Brinker was diagnosed with breast cancer in 1984, two years after founding Susan G. Komen for the Cure (then the Susan G. Komen Breast Cancer Foundation). She had promised her sister Susan, who died in 1980 of breast cancer at age 36, that she would do all she could to stop the disease.
During the race, Brinker, Lieberman and Siegel wore pink T-shirts donned by cancer survivors. The T-shirts, says SGK board member Dorothy Paterson, a survivor and pink shirt wearer, were a “powerful face of hope. Others saw that people make it through. Even men survivors wore pink T-shirts, which says something about their security in their manhood!”
Not all Israeli survivors were willing to don pink. “The Israeli context is not the American,” says Lehr. “Although Israeli women talk more openly about the disease than they once did, the ‘C-word’ is still unspoken among several groups.”
Breast cancer is the most common woman’s cancer in Israel, accounting for nearly 30 percent of all cancers newly diagnosed. Its incidence continues to increase, with about 4,000 people a year diagnosed.
“In bringing the Race for the Cure to Israel, our intent was to augment, not supplant, the good work that breast cancer organizations are doing here,” says Brinker. Hadassah’s oncology department, for example, has received SGK grants for its comprehensive and multidisciplinary breast care treatment and its research into the disease.

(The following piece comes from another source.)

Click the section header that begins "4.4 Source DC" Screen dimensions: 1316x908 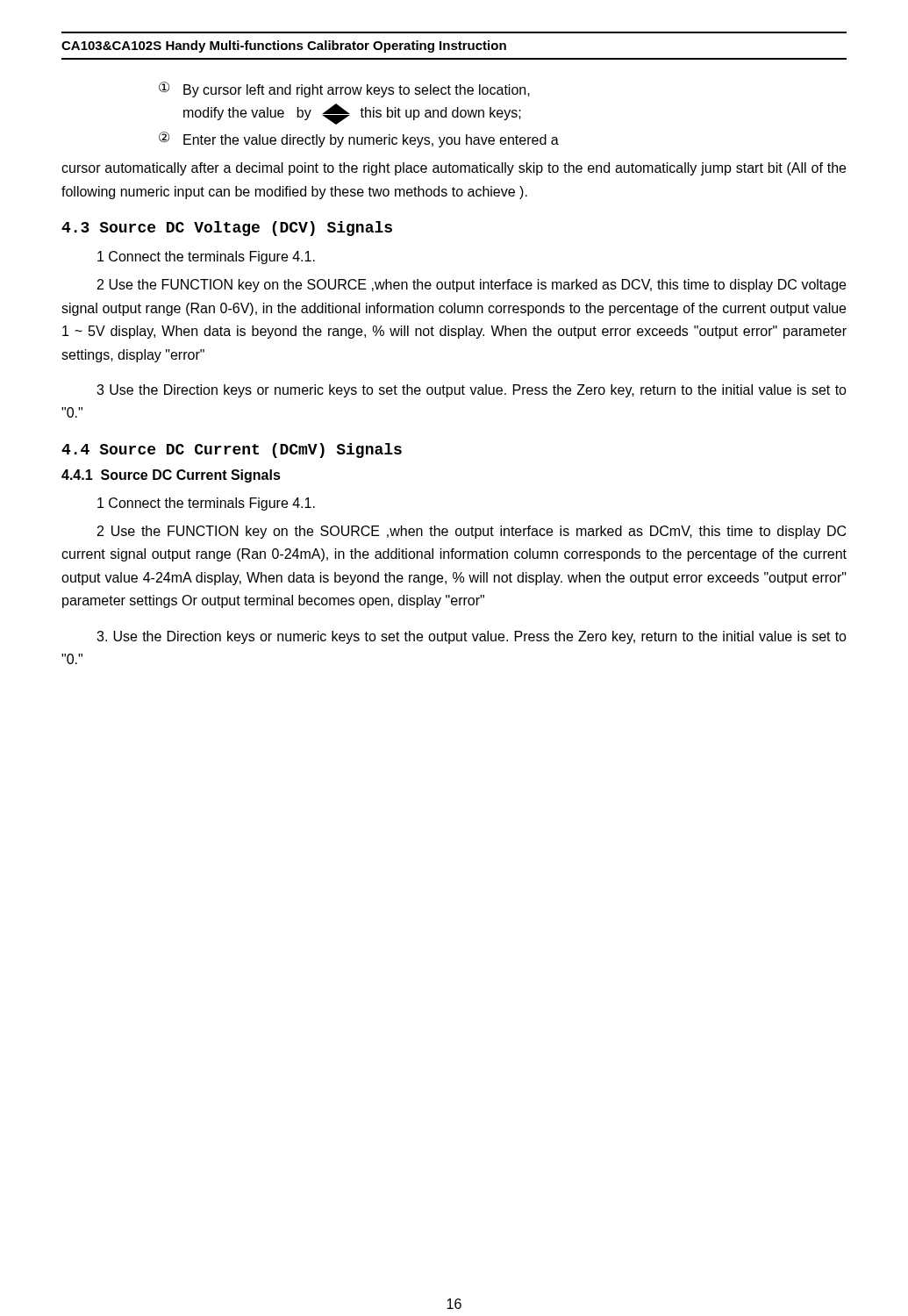click(232, 450)

“Through events like the…race, we’ve invested more than $1.5 billion, making us the largest source of nonprofit funds in the world dedicated to fighting breast cancer,” she adds. “Komen for the Cure is the world’s largest grass-roots network of breast cancer survivors and activists fighting to save lives, empower people, ensure quality care for all and energize science to find the cures.”